Historiker will Geschichte Mesoamerikas umschreiben
Rolle der Stadt
Teotihuacán sei bisher unterschätzt worden - großes Imperium beeinflusste auch die Maya
Redaktion
,
Mexiko-Stadt - Die vorspanische Geschichte Mexikos und
Mittelamerikas muss nach Ansicht des mexikanischen Historikers
Enrique Florescano in Teilen umgeschrieben werden. In seiner
Neuinterpretation, die Florescano dieser Tage in Mexiko-Stadt
vorstellte, hebt der Forscher vor allem die Rolle der Stadt
Teotihuacán (rund 50 Kilometer nordöstlich von Mexiko-Stadt) hervor.

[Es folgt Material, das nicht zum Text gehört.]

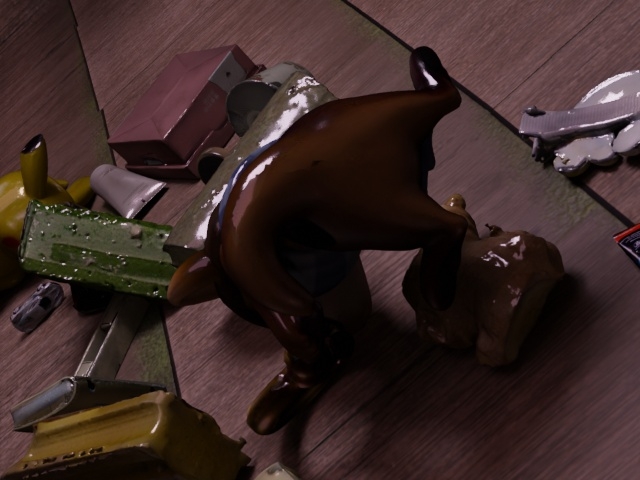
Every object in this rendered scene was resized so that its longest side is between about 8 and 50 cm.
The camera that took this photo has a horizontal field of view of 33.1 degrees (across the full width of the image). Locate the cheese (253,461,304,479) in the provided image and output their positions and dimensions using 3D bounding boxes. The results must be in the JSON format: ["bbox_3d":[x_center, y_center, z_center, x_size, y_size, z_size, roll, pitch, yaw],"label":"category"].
[{"bbox_3d":[-0.085,0.312,0.930,0.251,0.054,0.127,-49,26,-7],"label":"cheese"}]

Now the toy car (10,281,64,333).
[{"bbox_3d":[-0.428,0.101,1.637,0.093,0.041,0.025,-43,33,5],"label":"toy car"}]

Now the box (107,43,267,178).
[{"bbox_3d":[-0.212,-0.203,1.705,0.215,0.086,0.215,6,56,54],"label":"box"}]

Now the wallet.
[{"bbox_3d":[-0.258,0.190,1.207,0.110,0.155,0.039,-30,66,24],"label":"wallet"}]

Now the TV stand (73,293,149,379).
[{"bbox_3d":[-0.286,0.164,1.384,0.042,0.036,0.249,-16,40,38],"label":"TV stand"}]

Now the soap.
[{"bbox_3d":[-0.197,0.228,1.091,0.233,0.135,0.076,-21,37,36],"label":"soap"}]

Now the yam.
[{"bbox_3d":[-0.049,-0.053,1.242,0.268,0.161,0.161,-53,30,-18],"label":"yam"}]

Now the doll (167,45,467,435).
[{"bbox_3d":[0.004,0.002,0.983,0.318,0.209,0.340,-61,9,-25],"label":"doll"}]

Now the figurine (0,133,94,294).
[{"bbox_3d":[-0.514,-0.020,1.783,0.327,0.218,0.169,-28,73,14],"label":"figurine"}]

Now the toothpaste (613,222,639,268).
[{"bbox_3d":[0.290,0.025,0.841,0.071,0.045,0.193,-29,26,11],"label":"toothpaste"}]

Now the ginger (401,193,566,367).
[{"bbox_3d":[0.132,0.034,0.991,0.137,0.074,0.213,-49,35,-4],"label":"ginger"}]

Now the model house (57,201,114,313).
[{"bbox_3d":[-0.355,0.019,1.543,0.165,0.152,0.106,-20,31,34],"label":"model house"}]

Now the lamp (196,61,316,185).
[{"bbox_3d":[-0.083,-0.152,1.439,0.121,0.121,0.215,-13,30,43],"label":"lamp"}]

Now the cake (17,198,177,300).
[{"bbox_3d":[-0.269,0.019,1.426,0.099,0.235,0.100,93,-172,-82],"label":"cake"}]

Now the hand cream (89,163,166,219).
[{"bbox_3d":[-0.315,-0.081,1.722,0.087,0.054,0.186,-47,35,-13],"label":"hand cream"}]

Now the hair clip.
[{"bbox_3d":[0.274,-0.119,1.033,0.172,0.049,0.116,-14,46,38],"label":"hair clip"}]

Deren regionaler Einfluss sei im ersten Jahrtausend nach Christus
noch viel größer gewesen als bisher angenommen.
Nach Ansicht Florescanos war die Stadt Teotihuacán, deren Ruinen
mit der berühmten Sonnen- und Mondpyramide heute eine
Touristenattraktion ersten Ranges sind, in ihrer Blütezeit zwischen
200 und 700 nach Christus nicht nur ein bedeutendes religiöses und
Handelszentrum, sondern auch eine mächtige Militärmacht. Teotihuacán
habe in Mesoamerika - wie Altamerikanisten den Kulturraum zwischen
Mittelmexiko und Nicaragua nennen - das erste große Imperium
geschaffen und sich auch einige Fürstentümer der Maya in Südmexiko
und Guatemala untertan gemacht. So sei die Stadt Tikal im Norden
Guatemalas im Jahr 378 nach Christus von einem General aus
Teotihuacán erobert worden.
Die mythische Stadt "Tollan"
Florescano schiebt die bisher in der Forschung gehegten Zweifel
über die Sprache der Teotihuacanos beiseite und ist sich sicher, dass
bereits diese Náhuatl sprachen. Das Náhuatl, die Sprache der Azteken
zum Zeitpunkt der spanischen Eroberung, habe sich also schon seit der
Blütezeit Teotihuacáns in Mesoamerika als Sprache der Macht und als
Verkehrssprache ausgebreitet und die Schaffung eines einheitlichen
Kulturraumes begünstigt. "Die Nahua-Kultur ist die älteste,
dauerhafteste und einflussreichste Mesoamerikas", schreibt
Florescano. Er sei sich im Klaren darüber, dass diese These vor allem
unter den Maya-Forschern Widerspruch auslösen werde, sagte er.
Nach Ansicht Florescanos handelt es sich bei der in alten
Chroniken immer wieder erwähnten mythischen Stadt "Tollan" in
Wirklichkeit um Teotihuacán und nicht, wie bisher von der Mehrheit
der Wissenschaftler angenommen, um Tula de Hidalgo (rund 80 Kilometer
nordwestlich von Mexiko-Stadt). Auch die lange Zeit vertretene These,
dass die Tolteken aus Tula im 10. Jahrhundert die Mayastadt Chichén
Itzá im Norden der Halbinsel Yucatan erobert hätten, sei nicht
haltbar. Teotihuacán schon viel früher entscheidenden Einfluss auf
die Entwicklung Chichén Itzás ausgeübt.